A little while ago, I found myself struggling to bring order to my tasks at work. I'd tried many different organizational systems. Some didn't suit my work style, others were way too complicated - adding to my daily tasks rather than making them easier. I decided to put together a system that worked for me.
I divide my tasks for the day into three buckets: Tasks I must do today, Tasks I should do today, Tasks I can do today. Every day, I rewrite and carry over any incomplete tasks to the next day. It's simple, but it works for me!
I took the simple pen-and-paper tools and made them digital. The features of Must/Should/Can are straightforward, as is system itself:
- Account Creation and Login
- Task Creation, Editing, and Prioritization
- Task Resets
- Task Archiving and Deleting
- Ruby on Rails as the framework for the API
- ActiveModelSerializers to build JSON views
- PostgreSQL as the database
- The bcrypt gem to improve password security in tandem with the ActiveRecord
- React / Create React App
- React Router v6 - For client-side routing
- Styled Components to style the application
While building Must/Should/Can, it did not escape my attention that a user's tasks could be very private, so there was a need to protect them as much as possible. To ensure that privacy, I not only implemented user authorization and password authentication, I protected their passwords with the ActiveRecord
If you're storing passwords in any system, it is a very bad idea to store them in plaintext anywhere in your application. Doing so exposes you and your users to potential data losses, which is a Bad Thing. The
has_secure_password feature adds methods to an ActiveRecord model that make setting and authenticating securely hashed and salted passwords on your user models easy.
Under the hood,
has_secure_password uses the
bcrypt gem to hash and salt your user's passwords. This process makes it very difficult for bad actors to access your users' password data, even if they manage to steal your database.

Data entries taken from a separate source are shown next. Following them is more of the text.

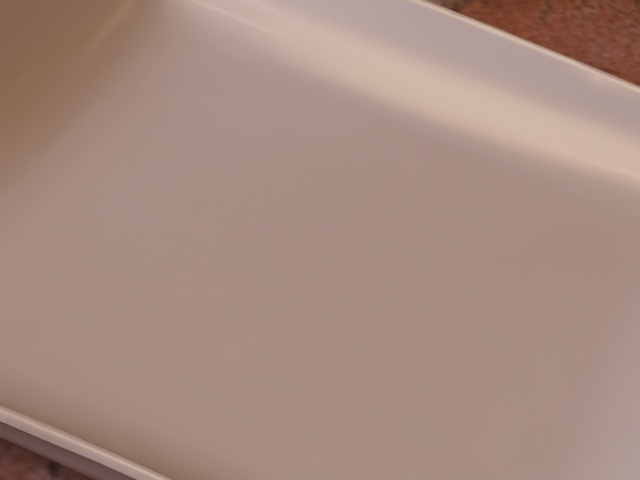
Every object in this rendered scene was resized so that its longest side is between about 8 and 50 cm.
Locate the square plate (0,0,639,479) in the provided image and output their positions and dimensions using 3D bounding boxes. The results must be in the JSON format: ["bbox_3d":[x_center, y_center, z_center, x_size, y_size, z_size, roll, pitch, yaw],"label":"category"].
[{"bbox_3d":[0.000,0.000,0.633,0.347,0.049,0.344,22,38,10],"label":"square plate"}]
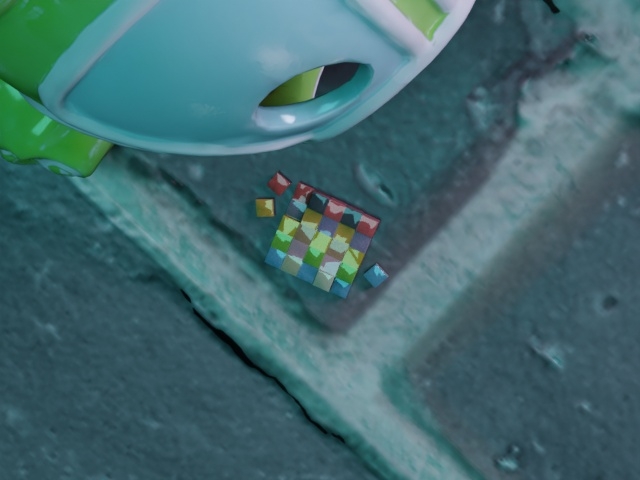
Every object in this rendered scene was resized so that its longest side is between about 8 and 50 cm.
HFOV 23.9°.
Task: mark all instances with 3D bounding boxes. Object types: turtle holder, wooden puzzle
[{"bbox_3d":[-0.072,-0.134,0.683,0.227,0.243,0.320,34,108,-24],"label":"turtle holder"},{"bbox_3d":[0.000,0.000,0.823,0.083,0.006,0.049,25,109,5],"label":"wooden puzzle"}]
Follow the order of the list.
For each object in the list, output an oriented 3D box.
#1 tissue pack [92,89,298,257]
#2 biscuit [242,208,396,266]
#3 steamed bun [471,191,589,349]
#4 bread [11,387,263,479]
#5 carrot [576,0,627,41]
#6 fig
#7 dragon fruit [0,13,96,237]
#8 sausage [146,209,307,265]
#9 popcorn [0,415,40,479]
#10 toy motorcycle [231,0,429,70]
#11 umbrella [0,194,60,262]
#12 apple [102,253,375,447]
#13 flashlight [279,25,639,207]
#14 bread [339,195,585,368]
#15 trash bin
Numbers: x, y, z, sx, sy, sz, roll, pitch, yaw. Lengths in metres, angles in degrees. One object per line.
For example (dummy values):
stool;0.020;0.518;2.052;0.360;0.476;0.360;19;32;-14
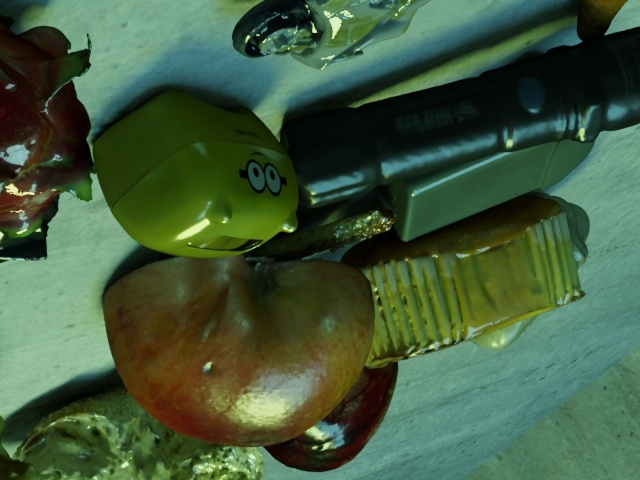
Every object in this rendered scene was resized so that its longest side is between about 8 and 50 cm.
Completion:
tissue pack;-0.101;-0.048;1.286;0.123;0.127;0.178;-35;161;22
biscuit;-0.001;0.001;1.636;0.206;0.025;0.126;-17;175;26
steamed bun;0.242;0.018;1.954;0.218;0.144;0.211;-46;-170;16
bread;-0.226;0.263;1.833;0.314;0.171;0.192;-11;-177;2
carrot;0.282;-0.242;1.460;0.061;0.061;0.209;-26;168;-10
fig;-0.010;0.171;1.859;0.224;0.224;0.263;-40;161;30
dragon fruit;-0.219;-0.099;0.985;0.137;0.135;0.236;-16;139;-20
sausage;-0.097;0.001;1.582;0.198;0.025;0.028;-19;-168;-27
popcorn;-0.400;0.294;1.507;0.282;0.282;0.247;-6;137;-51
toy motorcycle;0.041;-0.200;1.181;0.225;0.073;0.152;-32;163;11
umbrella;-0.350;0.007;1.086;0.340;0.118;0.118;-21;160;-24
apple;-0.080;0.130;1.582;0.293;0.163;0.251;-1;157;-16
flashlight;0.157;-0.124;1.460;0.424;0.103;0.103;-15;158;-17
bread;0.161;0.037;1.754;0.288;0.156;0.204;-16;-179;-12
trash bin;0.180;-0.100;1.618;0.236;0.101;0.176;-23;163;-9
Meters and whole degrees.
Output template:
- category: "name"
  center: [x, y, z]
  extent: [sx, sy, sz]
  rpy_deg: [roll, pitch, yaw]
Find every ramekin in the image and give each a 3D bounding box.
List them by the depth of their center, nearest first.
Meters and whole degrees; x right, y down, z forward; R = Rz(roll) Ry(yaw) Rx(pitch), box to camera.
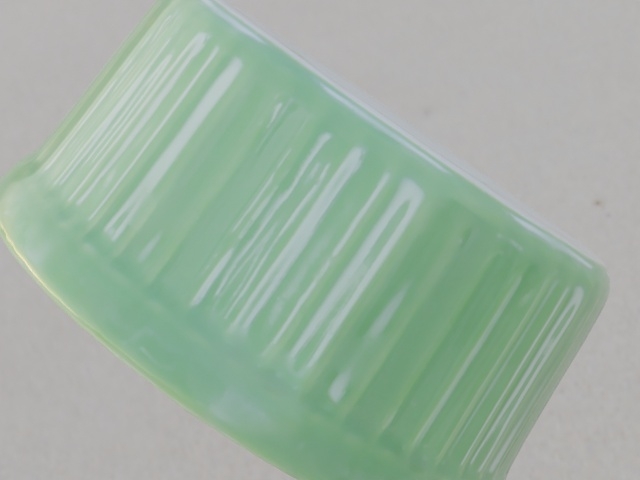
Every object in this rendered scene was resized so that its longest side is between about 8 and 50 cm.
- category: "ramekin"
  center: [0.000, 0.000, 0.764]
  extent: [0.148, 0.303, 0.303]
  rpy_deg: [-55, 28, 7]
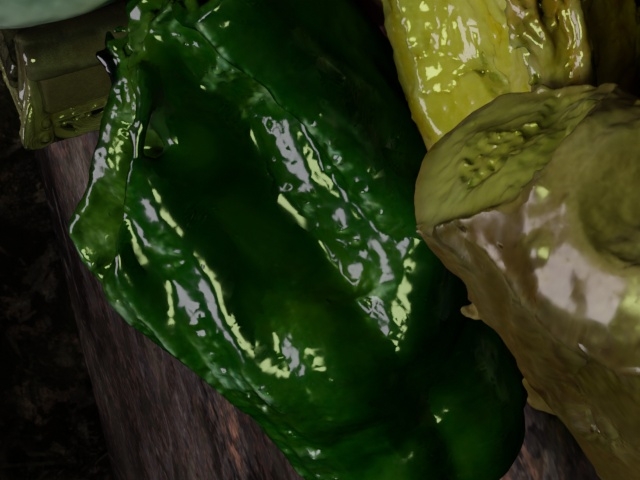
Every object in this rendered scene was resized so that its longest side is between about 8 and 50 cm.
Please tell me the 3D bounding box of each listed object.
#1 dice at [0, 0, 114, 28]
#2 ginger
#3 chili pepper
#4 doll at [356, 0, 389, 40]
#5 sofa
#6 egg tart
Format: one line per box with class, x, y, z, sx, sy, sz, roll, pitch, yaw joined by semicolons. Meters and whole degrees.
dice;-0.192;-0.339;0.990;0.348;0.328;0.330;-48;28;50
ginger;0.164;0.054;0.797;0.219;0.123;0.270;4;139;54
chili pepper;0.002;0.005;1.063;0.167;0.213;0.385;20;149;53
doll;0.009;-0.204;1.102;0.262;0.093;0.211;-164;54;-72
sofa;-0.213;-0.231;1.669;0.182;0.200;0.258;84;163;-45
egg tart;0.095;-0.102;0.913;0.212;0.090;0.212;164;90;-77
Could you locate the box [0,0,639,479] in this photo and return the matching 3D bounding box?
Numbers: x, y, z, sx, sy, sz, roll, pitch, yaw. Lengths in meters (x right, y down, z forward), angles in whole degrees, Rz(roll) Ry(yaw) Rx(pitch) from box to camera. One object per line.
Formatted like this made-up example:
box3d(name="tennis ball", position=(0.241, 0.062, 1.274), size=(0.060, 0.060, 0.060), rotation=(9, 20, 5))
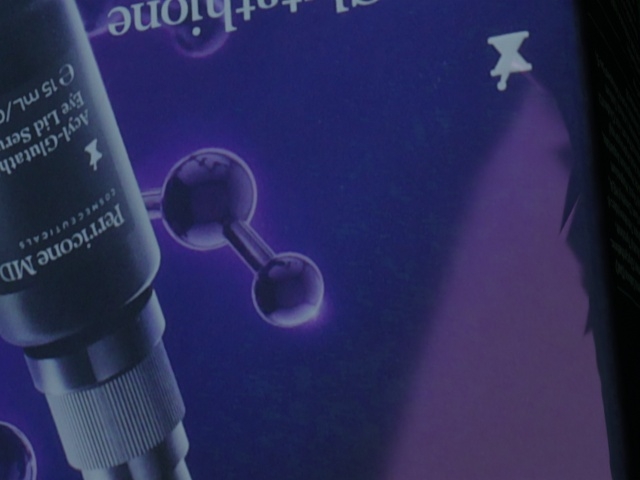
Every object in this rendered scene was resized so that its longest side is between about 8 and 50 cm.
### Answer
box3d(name="box", position=(0.000, 0.000, 0.395), size=(0.153, 0.108, 0.207), rotation=(-9, 75, 17))
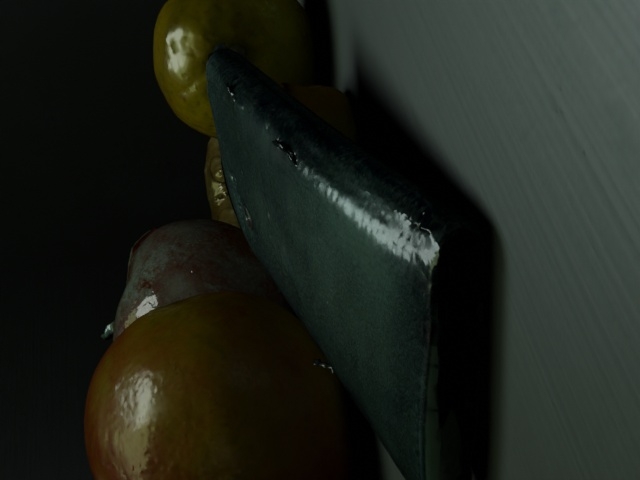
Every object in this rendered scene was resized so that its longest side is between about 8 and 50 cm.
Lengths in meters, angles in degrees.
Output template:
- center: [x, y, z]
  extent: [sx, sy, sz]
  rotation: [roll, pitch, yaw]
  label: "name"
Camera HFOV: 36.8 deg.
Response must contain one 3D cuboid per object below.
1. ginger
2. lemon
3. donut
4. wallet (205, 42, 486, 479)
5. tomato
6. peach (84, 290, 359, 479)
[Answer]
- center: [-0.148, -0.023, 1.735]
  extent: [0.363, 0.122, 0.348]
  rotation: [-91, -12, -66]
  label: "ginger"
- center: [-0.083, -0.178, 0.950]
  extent: [0.207, 0.170, 0.169]
  rotation: [-173, 76, -88]
  label: "lemon"
- center: [0.000, -0.067, 0.835]
  extent: [0.152, 0.058, 0.151]
  rotation: [173, 90, -83]
  label: "donut"
- center: [0.000, 0.000, 0.670]
  extent: [0.379, 0.046, 0.190]
  rotation: [-134, 33, -55]
  label: "wallet"
- center: [-0.182, 0.125, 1.455]
  extent: [0.317, 0.283, 0.316]
  rotation: [9, -90, -89]
  label: "tomato"
- center: [-0.096, 0.210, 1.020]
  extent: [0.332, 0.308, 0.307]
  rotation: [44, 145, 47]
  label: "peach"

Hashing is the process of taking data and processing it to create a new value, usually of a fixed length (sometimes called a fingerprint). The process is unidirectional, meaning once a value has been hashed, it is incredibly impractical (with current technology) to reverse the process to derive the original value from the hash. For example, using bcrypt, the password
Wolfgang the puppy might hash to the value
$2a$12$j29LhAzasXWN7glfGjp9NuFXcOYBCffkE4RWcQJwBFzxsAsUsQ2nK. This unidirectionality is what makes hashed passwords more secure than plaintext passwords - a hacker will need to do extra work to break the encryption involved.
Or they might have a Rainbow Table, which is a precomputed set of values that will let an attacker look up the password based on a given hash. If the hashing function is known to the attacker, hashing alone won't be enough to protect a user's password, since the same input value will always produce the same output hash.
This is why bcrypt will also salt a password before storing the hash in your database. A salt is data added to the input of a hash function. In bcrypt's implementation, a unique salt is added to every password on generation. This means that an attacker would need to use a different pre-computed Rainbow Table for every single password, which is computationally prohibitive.
All of this means that, properly implemented, using
bcrypt in your application is one important step protect you and your users from bad actors.
I plan to introduce the ability to add notes to tasks so you can, for example, sketch out an agenda for a meeting, or divide tasks into subtasks. I also plan to enhance the archive with grouping and sorting. Later on, I'll enhance the user's account management experience, letting them reset their password and edit their user name.